Opening Call: The Australian share market is to open lower.
U.S. stocks ended mostly higher, getting a boost on a robust ADP jobs report. The 10-year Treasury yield note edged down to 1.47% from 1.48%. The WSJ Dollar Index rose 0.24% to 87.02. U.S. oil prices ended higher after a fall in U.S. inventories. Gold settled higher for the session and quarter but logged losses for the month and the first half of the year.
Australia’s S&P/ASX 200 index closed 0.2% higher as the local benchmark followed a mildly positive lead from U.S. stocks. Shares in eight of the 12 largest companies by market capitalization rose. The ASX 200 is less than 0.1% higher so far this week.
U.S. stocks traded in a narrow range, with the major indexes closing out the quarter at record highs following a June rally powered by technology stocks.
The S&P 500 rose 0.1%, marking the benchmark index’s 34th record close of the year. The index is now up 14.4% in 2021, representing the largest first-half gain in a year since the first half of 2019. Meanwhile, the Dow Jones Industrial Average added 0.6%.
The tech-heavy Nasdaq Composite edged back from Tuesday’s record close, declining 0.2%. The index still rose for the fifth consecutive quarter.
Gold futures turned positive to end higher for the session and quarter but finished the month and first half of 2021 with losses.
August gold closed up 0.5% at $1,771.60 an ounce on Comex after futures were lower earlier in the session and settled down 1% on Tuesday.
Bullion booked a June loss of more than 7%, a roughly 5% gain in the second quarter, and a 6.6% decline in the first half of the year, based on the most active contract.
Oil futures ended in positive territory, but were off session highs, after the government data showed another drop in U.S. crude inventories as traders await this week’s decision by OPEC+ on output.
West Texas Intermediate crude for August delivery rose 0.7% to finish at $73.47 a barrel on the New York Mercantile Exchange, holding gains after the Energy Information Administration said U.S. crude inventories fell by 6.7 million barrels in the week ended June 25. September Brent crude, the global benchmark, rose 0.5% to end at $74.62 a barrel on ICE Futures Europe.
August Brent crude gained 0.5% to close at $75.13 a barrel. Based on front-month contracts, Brent rose 18.2% in the second quarter and was up 45% in the year to date.
Major currencies were weaker against the US dollar in European and US trade. The Euro fell from highs near US$1.1905 to lows near US$1.1845 and was near US$1.1860 at the US close. The Aussie dollar fell from highs near US75.25 cents to lows near US74.90 cents and was near US75.00 cents at the US close. And the Japanese yen eased from 110.42 yen per US dollar to JPY111.11 and was near JPY111.00 at the US close.

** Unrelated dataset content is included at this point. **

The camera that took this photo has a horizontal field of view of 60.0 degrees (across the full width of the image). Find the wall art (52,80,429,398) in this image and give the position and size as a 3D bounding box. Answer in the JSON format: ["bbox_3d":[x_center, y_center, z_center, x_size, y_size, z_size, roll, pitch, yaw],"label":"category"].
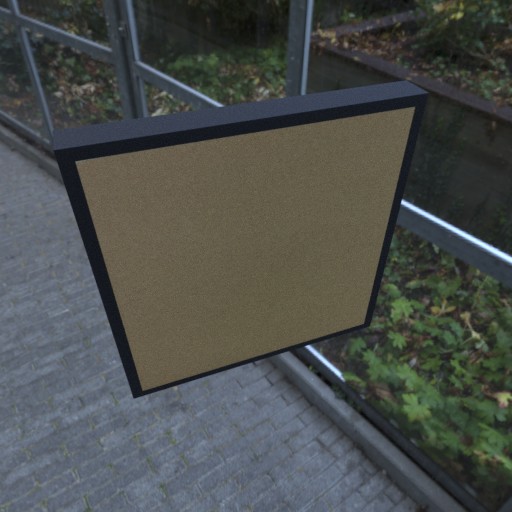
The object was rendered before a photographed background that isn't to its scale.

European share markets fell on Wednesday as investors booked profits at the end of the month, quarter and half-year. Auto stocks fell the most, down 1.9%. Inflation fell to a 1.9% annual rate in the eurozone in June, below the 2% central bank target. The pan-European STOXX 600 index fell by 0.5% on Wednesday but rose by 1.4% in June, the fifth straight month of gains. The German Dax index fell by 1.0% on Wednesday and the UK FTSE index lost 0.7%. In the London trade, shares in Rio Tinto fell by 1.3% and BHP lost 1.0%.
Japan’s Nikkei Stock Average closed 0.1% lower as falls in pharmaceutical and food stocks offset gains in tech shares. The Nikkei has fallen 1.3% in the second quarter but has gained 4.9% year to date.

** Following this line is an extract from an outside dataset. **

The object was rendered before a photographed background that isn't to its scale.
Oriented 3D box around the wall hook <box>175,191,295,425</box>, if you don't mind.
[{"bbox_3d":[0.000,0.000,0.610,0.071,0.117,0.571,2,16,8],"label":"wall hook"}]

Chinese stocks ended the session higher, resuming a recent uptrend after a weak performance Tuesday. Official PMI data earlier showed a slower expansion in China’s factory and service activity in June, which could bolster hopes of continued policy support.
Gains were led by electronics and IT-related sectors. The Shanghai Composite Index closed 0.5% higher, the Shenzhen Composite Index rose 1.0%, and the ChiNext Price Index added 2.1%.